Circuit Breaker for AI Endpoints

Fallback Chain


Primary:    Azure OpenAI (East US) GPT-4o
  ↓ (429 or 500)
Fallback 1: Azure OpenAI (West US) GPT-4o
  ↓ (429 or 500)
Fallback 2: Azure OpenAI (East US) GPT-4o-mini (degraded quality, lower cost)
  ↓ (both down)
Fallback 3: Cached response for similar queries
  ↓ (no cache hit)
Fallback 4: "I'm experiencing high demand. Please try again shortly."

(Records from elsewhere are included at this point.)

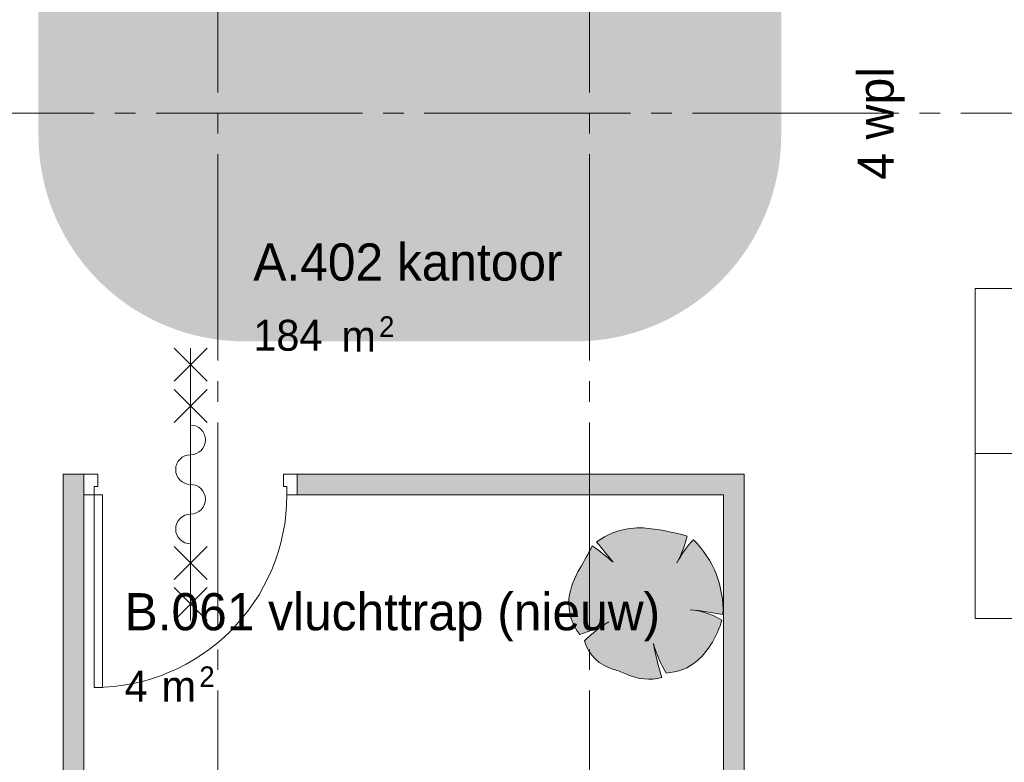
# Paper-space layout '19061B VOn 012b Plattegrond tweede verdieping' of a CAD drawing. Header units: millimetres. Extents: x 10 to 1052, y 0 to 594.
# Tile 4 of 50: x 207 to 255, y 175 to 211. Entities that reach past the tile are written whole.
import ezdxf
from ezdxf.xclip import XClip

# ---------------------------------------------------------------- set-up
doc = ezdxf.new("R2010")
doc.units = ezdxf.units.MM
doc.header["$MEASUREMENT"] = 0
doc.header["$XCLIPFRAME"] = 0
doc.linetypes.add('B0204', pattern=[13, 10, -1, 1, -1])
for name, color, linetype in [('22 NC Binnenwanden', 7, 'Continuous'), ('22 NC Binnenwanden Doorsnede-arcering', 7, 'Continuous'), ('82 Interieur', 7, 'Continuous'), ('82 Interieur 2D arcering', 7, 'Continuous'), ('A Stramien', 7, 'Continuous'), ('New_22 NC Binnenwanden', 7, 'Continuous'), ('New_22 NC Binnenwanden Deuren', 7, 'Continuous'), ('New_22 NC Binnenwanden Doorsnede-arcering', 7, 'Continuous'), ('New_82 Interieur', 7, 'Continuous'), ('New_82 Interieur 2D arcering', 7, 'Continuous'), ('Z Ruimtebenaming', 7, 'Continuous')]:
    doc.layers.add(name, color=color, linetype=linetype)
doc.styles.add('GENERATED_STYLE_2', font='txt')
doc.styles.add('GENERATED_STYLE_5', font='txt')

# ---------------------------------------------------------------- blocks, each defined once
blk = doc.blocks.new('Drawing_2_1', base_point=(162.76, 134.758))
at = {"layer": '22 NC Binnenwanden Doorsnede-arcering', "linetype": 'Continuous', "lineweight": 0, "true_color": 0x80e2d7}
for points in [[(209.26, 189.252), (210.26, 188.252), (210.26, 189.252)], [(210.26, 188.252), (209.26, 189.252), (209.26, 188.252)], [(241.26, 189.252), (241.26, 188.252), (242.26, 189.252)], [(241.26, 188.252), (242.26, 188.252), (242.26, 189.252)], [(209.26, 188.252), (209.26, 167.758), (210.26, 167.758), (210.26, 188.252)], [(241.26, 188.252), (241.26, 167.758), (242.26, 167.758), (242.26, 188.252)]]:
    blk.add_hatch(color=121, dxfattribs=at).paths.add_polyline_path(points)
at = {"layer": '82 Interieur 2D arcering', "linetype": 'Continuous', "lineweight": 0, "true_color": 0xc9b395}
h = blk.add_hatch(color=253, dxfattribs=at)
h.paths.add_polyline_path([(208.058, 276.336), (208.058, 205.686, 0.414214), (218.058, 195.686), (234.058, 195.686, 0.414214), (244.058, 205.686), (244.058, 276.336, 0.414214), (234.058, 286.336), (218.058, 286.336, 0.414214)])
h.paths.add_polyline_path([(234.76, 218.258), (216.26, 218.258), (216.26, 267.258), (234.76, 267.258)], flags=0)
at = {"layer": 'New_22 NC Binnenwanden Doorsnede-arcering', "linetype": 'Continuous', "lineweight": 0, "true_color": 0x80e2d7}
blk.add_hatch(color=121, dxfattribs=at).paths.add_polyline_path([(220.6, 189.252), (220.6, 188.252), (241.26, 188.252), (241.26, 189.252)])
at = {"layer": 'New_82 Interieur 2D arcering', "linetype": 'Continuous', "lineweight": 0, "true_color": 0xc2df8b}
blk.add_hatch(color=71, dxfattribs=at).paths.add_polyline_path([(233.771, 183.217, 0.189926), (234.294, 181.483, 0.058172), (235.71, 182.094, 0.060987), (234.519, 181.168, 0.261493), (235.935, 179.787, -0.023868), (236.554, 179.559, 0.176093), (238.278, 179.387, -0.033475), (237.865, 181.036, 0.059133), (238.476, 179.61, 0.165491), (239.999, 180.211, 0.138163), (241.178, 182.169, 0.1048), (239.814, 182.661, -0.01602), (241.237, 182.448, 0.21157), (239.803, 186.071, 0.067145), (239.068, 185.069, 0.060036), (239.499, 186.248, 0.048896), (237.366, 186.644, 0.176271), (235.112, 185.961, -0.009616), (235.908, 184.978, 0.030984), (234.904, 185.774, -0.00375), (234.303, 184.678, 0.102387)])
at = {"layer": '22 NC Binnenwanden', "color": 1, "linetype": 'Continuous', "lineweight": 0, "flags": 128}
for points in [[(209.26, 189.252), (209.26, 167.758)], [(242.26, 189.252), (241.26, 189.252)], [(242.26, 167.758), (242.26, 189.252)], [(210.26, 167.758), (210.26, 188.252)], [(241.26, 188.252), (241.26, 167.758)]]:
    blk.add_lwpolyline(points, dxfattribs=at)
at = {"layer": 'A Stramien', "color": 9, "linetype": 'B0204', "lineweight": 0}
for p, q in [((216.76, 516.758), (216.76, 94.758)), ((234.76, 516.758), (234.76, 94.758)), ((122.76, 206.758), (850.76, 206.758))]:
    blk.add_line(p, q, dxfattribs=at)
at = {"layer": 'New_22 NC Binnenwanden', "color": 1, "linetype": 'Continuous', "lineweight": 0}
for p, q in [((210.26, 188.252), (210.26, 189.252)), ((220.6, 188.252), (220.6, 189.252))]:
    blk.add_line(p, q, dxfattribs=at)
at = {"layer": 'New_22 NC Binnenwanden', "color": 1, "linetype": 'Continuous', "lineweight": 0, "flags": 128}
for points in [[(210.26, 189.252), (209.26, 189.252)], [(241.26, 189.252), (220.6, 189.252)], [(220.6, 188.252), (241.26, 188.252)]]:
    blk.add_lwpolyline(points, dxfattribs=at)
at = {"layer": 'New_22 NC Binnenwanden Deuren', "color": 9, "linetype": 'Continuous', "lineweight": 0}
for p, q in [((216.23, 193.752), (214.63, 195.352)), ((214.63, 193.752), (216.23, 195.352)), ((215.43, 195.352), (215.43, 182.152)), ((216.23, 191.752), (214.63, 193.352)), ((214.63, 191.752), (216.23, 193.352)), ((216.23, 185.752), (214.63, 184.152)), ((214.63, 185.752), (216.23, 184.152)), ((216.23, 183.752), (214.63, 182.152)), ((214.63, 183.752), (216.23, 182.152))]:
    blk.add_line(p, q, dxfattribs=at)
at = {"layer": 'New_22 NC Binnenwanden Deuren', "color": 1, "linetype": 'Continuous', "lineweight": 0}
for p, q in [((210.26, 189.252), (210.26, 188.252)), ((210.93, 189.252), (210.26, 189.252)), ((210.26, 188.252), (210.26, 189.252)), ((210.26, 188.252), (210.26, 189.252)), ((210.93, 188.652), (210.93, 189.252)), ((219.93, 189.252), (219.93, 188.652)), ((220.6, 189.252), (219.93, 189.252)), ((220.6, 188.252), (220.6, 189.252)), ((220.6, 188.252), (220.6, 189.252)), ((220.6, 188.252), (220.6, 189.252)), ((210.76, 188.252), (210.76, 188.652)), ((210.76, 188.652), (210.93, 188.652)), ((219.93, 188.652), (220.1, 188.652)), ((220.1, 188.652), (220.1, 188.252)), ((210.26, 188.252), (210.76, 188.252)), ((210.76, 178.912), (210.76, 188.252)), ((210.76, 188.252), (211.16, 188.252)), ((211.16, 188.252), (211.16, 178.912)), ((220.1, 188.252), (220.6, 188.252)), ((211.16, 178.912), (210.76, 178.912))]:
    blk.add_line(p, q, dxfattribs=at)
at = {"layer": 'New_22 NC Binnenwanden Deuren', "color": 9, "linetype": 'Continuous', "lineweight": 0}
for centre, start, end in [((215.43, 190.912), 270, 90), ((215.43, 189.472), 90, 270), ((215.43, 188.032), 270, 90), ((215.43, 186.592), 90, 270)]:
    blk.add_arc(centre, 0.72, start, end, dxfattribs=at)
at = {"layer": 'New_22 NC Binnenwanden Deuren', "color": 1, "linetype": 'Continuous', "lineweight": 0}
blk.add_arc((210.76, 188.252), 9.34, 270, 0, dxfattribs=at)
at = {"layer": 'New_82 Interieur', "color": 1, "linetype": 'Continuous', "lineweight": 0, "flags": 128}
for points in [[(269.46, 190.258), (253.46, 190.258), (253.46, 198.258), (269.46, 198.258)], [(269.46, 190.258), (253.46, 190.258), (253.46, 182.258), (269.46, 182.258)]]:
    blk.add_lwpolyline(points, close=True, dxfattribs=at)
at = {"layer": 'New_82 Interieur', "color": 1, "linetype": 'Continuous', "lineweight": 0}
for centre, radius, start, end in [((237.178, 183.205), 3.444, 86.8614, 126.849), ((236.411, 175.569), 11.117, 73.8748, 85.0721), ((234.391, 187.444), 5.246, 331.5472, 346.8198), ((161.549, 225.305), 83.329, 330.81982, 331.67915), ((228.996, 177.28), 10.346, 48.0797, 55.1786), ((209.962, 164.773), 32.886, 37.9083, 40.1121), ((243.149, 182.848), 4.646, 136.083, 153.1759), ((236.431, 182.641), 4.81, 357.7038, 45.4874), ((237.566, 182.662), 3.835, 148.2841, 171.668), ((236.232, 183.015), 2.47, 175.2902, 218.3056), ((237.203, 160.354), 22.46, 79.6537, 83.7651), ((239.335, 179.195), 3.499, 58.201, 84.9578), ((232.385, 187.853), 6.649, 286.6807, 299.9976), ((238.898, 176.767), 6.208, 120.8951, 134.8549), ((237.114, 183.283), 4.215, 313.1971, 344.6625), ((236.457, 181.739), 2.02, 196.4227, 255.04), ((244.175, 182.898), 6.579, 196.4462, 209.9827), ((250.369, 183.291), 12.706, 190.2246, 197.8936), ((238.355, 182.148), 2.54, 272.7308, 310.3178), ((233.859, 173.2), 6.907, 67.0402, 72.5092), ((237.653, 181.845), 2.536, 244.319, 284.2669)]:
    blk.add_arc(centre, radius, start, end, dxfattribs=at)
at = {"layer": '82 Interieur', "color": 9, "linetype": 'Continuous', "lineweight": 0, "insert": (250.038, 206.258), "char_height": 1.75, "attachment_point": 8, "rotation": 90, "style": 'GENERATED_STYLE_5'}
blk.add_mtext('\\A1;{\\pqc;\\fSanuk-Regular|b0|i0|c0|p2;4\\fSanuk-Regular|b0|i0|c0|p2; wpl}', dxfattribs=at)
at = {"layer": 'Z Ruimtebenaming', "color": 2, "linetype": 'Continuous', "lineweight": 0, "attachment_point": 1, "style": 'GENERATED_STYLE_2'}
for s, insert, char_height in [('\\A1;{\\pql;\\pt0;\\fUbuntu|b0|i0|c0|p34;A.402 kantoor}', (218.474, 200.436), 1.8), ('\\A1;{\\pql;\\fUbuntu|b0|i0|c0|p34;184}', (218.474, 196.735), 1.5), ('\\A1;{\\pql;\\fUbuntu|b0|i0|c0|p34;2}', (224.568, 196.901), 1), ('\\A1;{\\pql;\\fUbuntu|b0|i0|c0|p34; m}', (222.183, 196.688), 1.5), ('\\A1;{\\pql;\\pt0;\\fUbuntu|b0|i0|c0|p34;B.061 vluchttrap (nieuw)}', (212.233, 183.483), 1.8), ('\\A1;{\\pql;\\fUbuntu|b0|i0|c0|p34;2}', (215.855, 179.93), 1), ('\\A1;{\\pql;\\fUbuntu|b0|i0|c0|p34;4}', (212.233, 179.729), 1.5), ('\\A1;{\\pql;\\fUbuntu|b0|i0|c0|p34; m}', (213.469, 179.717), 1.5)]:
    blk.add_mtext(s, dxfattribs=dict(at, insert=insert, char_height=char_height))

psp = doc.layouts.new('19061B VOn 012b Plattegrond tweede verdieping')

# ---------------------------------------------------------------- block references
at = {"color": 4, "linetype": 'Continuous', "lineweight": 0}
ref = psp.add_blockref('Drawing_2_1', (162.76, 134.758), dxfattribs=at)
XClip(ref).set_block_clipping_path([(63.602702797, 41.749456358), (869.5607390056, 554.9340651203)])

doc.saveas('drawing.dxf')

T3.10 The Production Readiness Checklist

Before going live, verify every item:

Architecture & Infrastructure

Hosting platform selected (Container Apps / AKS / App Service)
Private endpoints for all AI services
Managed Identity (no API keys in code)
Multi-region deployment (if SLA requires >99.9%)
Auto-scaling configured with appropriate min/max
Load testing completed at 2x expected peak

Security

Prompt injection detection enabled
Content Safety filters configured
Input validation on all user inputs
PII detection and redaction
RBAC configured with least privilege
Audit logging for all AI interactions

Quality & Reliability

Evaluation pipeline running (offline + online)
Hallucination rate measured and <5%
Groundedness score >0.85
Circuit breaker and fallback chain configured
Rate limiting per user/application
Retry with exponential backoff for transient errors

Cost Management

Token budget per user/team configured
Cost alerts at 50%, 80%, 100% of budget
Semantic caching for common queries
Model tier optimization (mini for simple, full for complex)
Cost dashboard accessible to stakeholders

Monitoring & Operations

Application Insights with custom AI metrics
Distributed tracing across agent interactions
Alerts for latency, errors, cost, quality degradation
Runbook for common incidents (rate limits, model outage)
On-call rotation for AI-specific issues

Key Takeaways

AI is an API problem, not a magic problem. Apply the same engineering rigor you’d use for any production API — rate limiting, caching, circuit breaking, monitoring.
Container Apps is the sweet spot. For most AI agent workloads, Container Apps gives you auto-scaling (including zero), Dapr integration, and managed infrastructure without Kubernetes complexity.
APIM is your AI control plane. Semantic caching, token metering, load balancing across regions, and prompt injection detection — all in one gateway.
Stream everything. Users don’t mind waiting 3 seconds for an answer if they see tokens appearing after 200ms. Streaming is non-negotiable for interactive AI.
Cost is the silent killer. A runaway AI agent can burn through thousands of dollars in hours. Token budgets, semantic caching, and model tier optimization are as important as the AI logic itself.

> FrootAI T3 — Production AI is where engineering meets intelligence. Build it like infrastructure. Monitor it like a service. Budget it like a business.